Methode: Die Studie deckt mit 150 Kampagnen von 55 Marken aus 10 Branchen im Zeitraum von 2013 bis 2017 ein sehr breites Marktspektrum ab – von FMCG und Retail über Dienstleistungen und E-Commerce bis zu Automobil und Pharma. Im Fokus steht die Effektivität und Effizienz von TV, Radio, Online, Print, Out-of-Home und Kino. Dafür wurde der jeweilige Wirkungsbeitrag der sechs Mediengattungen auf Absatz (Abverkauf, Umsatz, Website-Visits, Registrierungen u.a.) und Markenwahrnehmung (Marken-bekanntheit, Markenimage, Werbeerinnerung, Kaufabsicht u.a.) analysiert.
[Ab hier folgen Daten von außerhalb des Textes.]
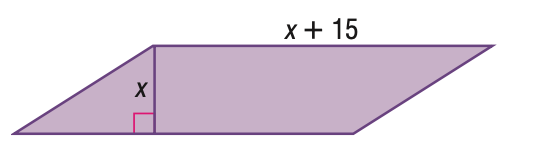Question: Find the height of the parallelogram given its area with 100 square units.
Choices:
A. 5
B. 10
C. 15
D. 20
Answer with the letter. Answer: A Question: Find the base of the parallelogram given its area with 100 square units.
Choices:
A. 15
B. 20
C. 25
D. 30
Answer with the letter. Answer: B 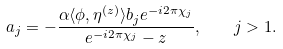<formula> <loc_0><loc_0><loc_500><loc_500>a _ { j } = - \frac { \alpha \langle \phi , \eta ^ { ( z ) } \rangle b _ { j } e ^ { - i 2 \pi \chi _ { j } } } { e ^ { - i 2 \pi \chi _ { j } } - z } , \quad j > 1 .</formula> 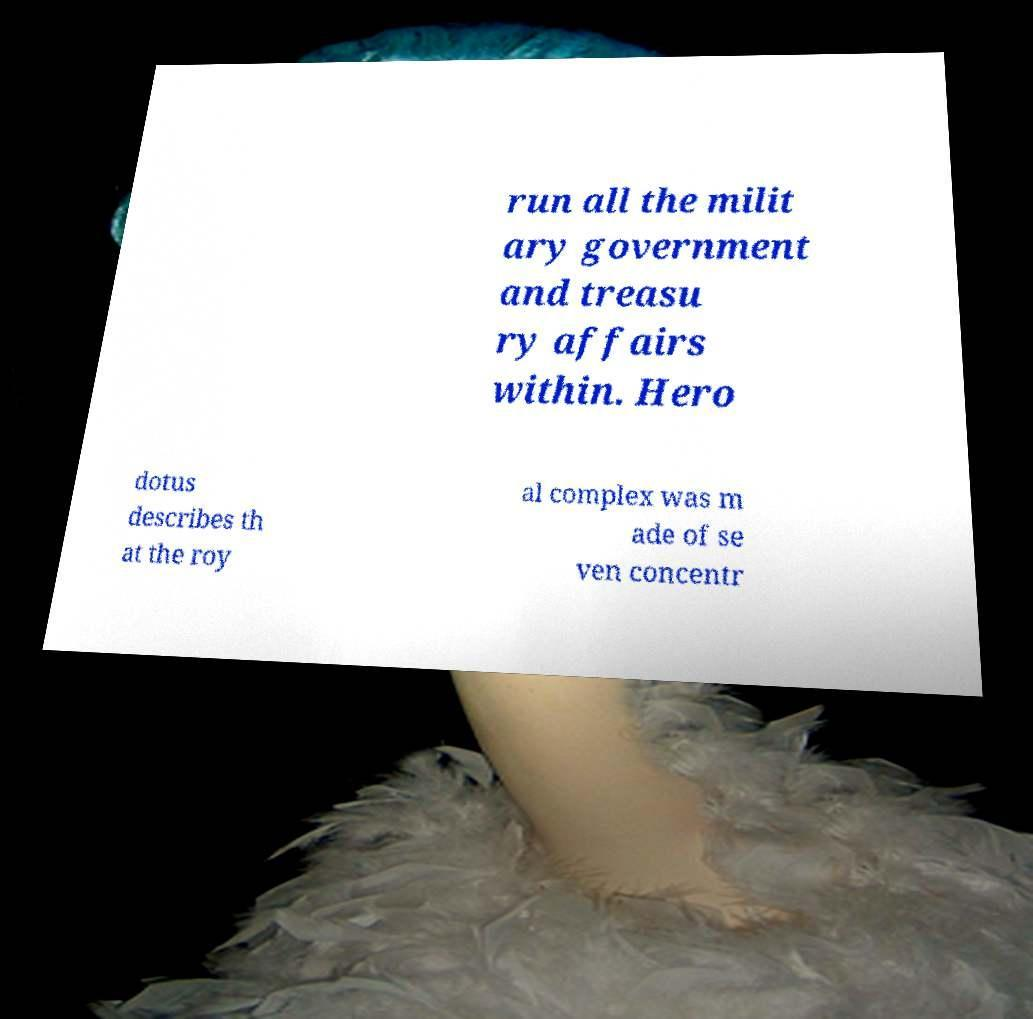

Grundsätzlich wurden in der Studie nur die unmittelbaren, kurzfristig messbaren Werbeeffekte betrachtet. Neben den Modeling-Ergebnissen liefert die Studie auch detaillierte Hinweise zur Optimierung des Mediaeinsatzes

 

Summing Up: Gute Nachrichten für die gesamte Werbebranche: Die Werbewirkung ist, anders als vielfach erwartet, in den vergangenen Jahren über alle Medien hinweg nicht gesunken. Die pessimistische Einschätzung, nach der Werbung aufgrund der zunehmenden Fragmentierung der Medien- und Werbeangebote generell an Wirkung verloren habe, wird von der Meta-Modeling-Analyse nicht bestätigt. Im Gegenteil: Der direkte Effekt von Werbung auf Absatz und Markenwahrnehmung, die beiden wichtigsten Indikatoren für Werbewirkung, ist in den vergangenen fünf Jahren über alle Werbekanäle insgesamt sogar gestiegen – und zwar von 10 Prozent auf über 14 Prozent. Die Studie, die Dentsu Aegis Resolutions (DAR) im Auftrag von Screenforce durchgeführt hat, begründet diese positive Entwicklung neben der verbesserten Datengrundlage mit der gestiegenen Mediennutzung und der wesentlich professionelleren Aussteuerung von Werbung.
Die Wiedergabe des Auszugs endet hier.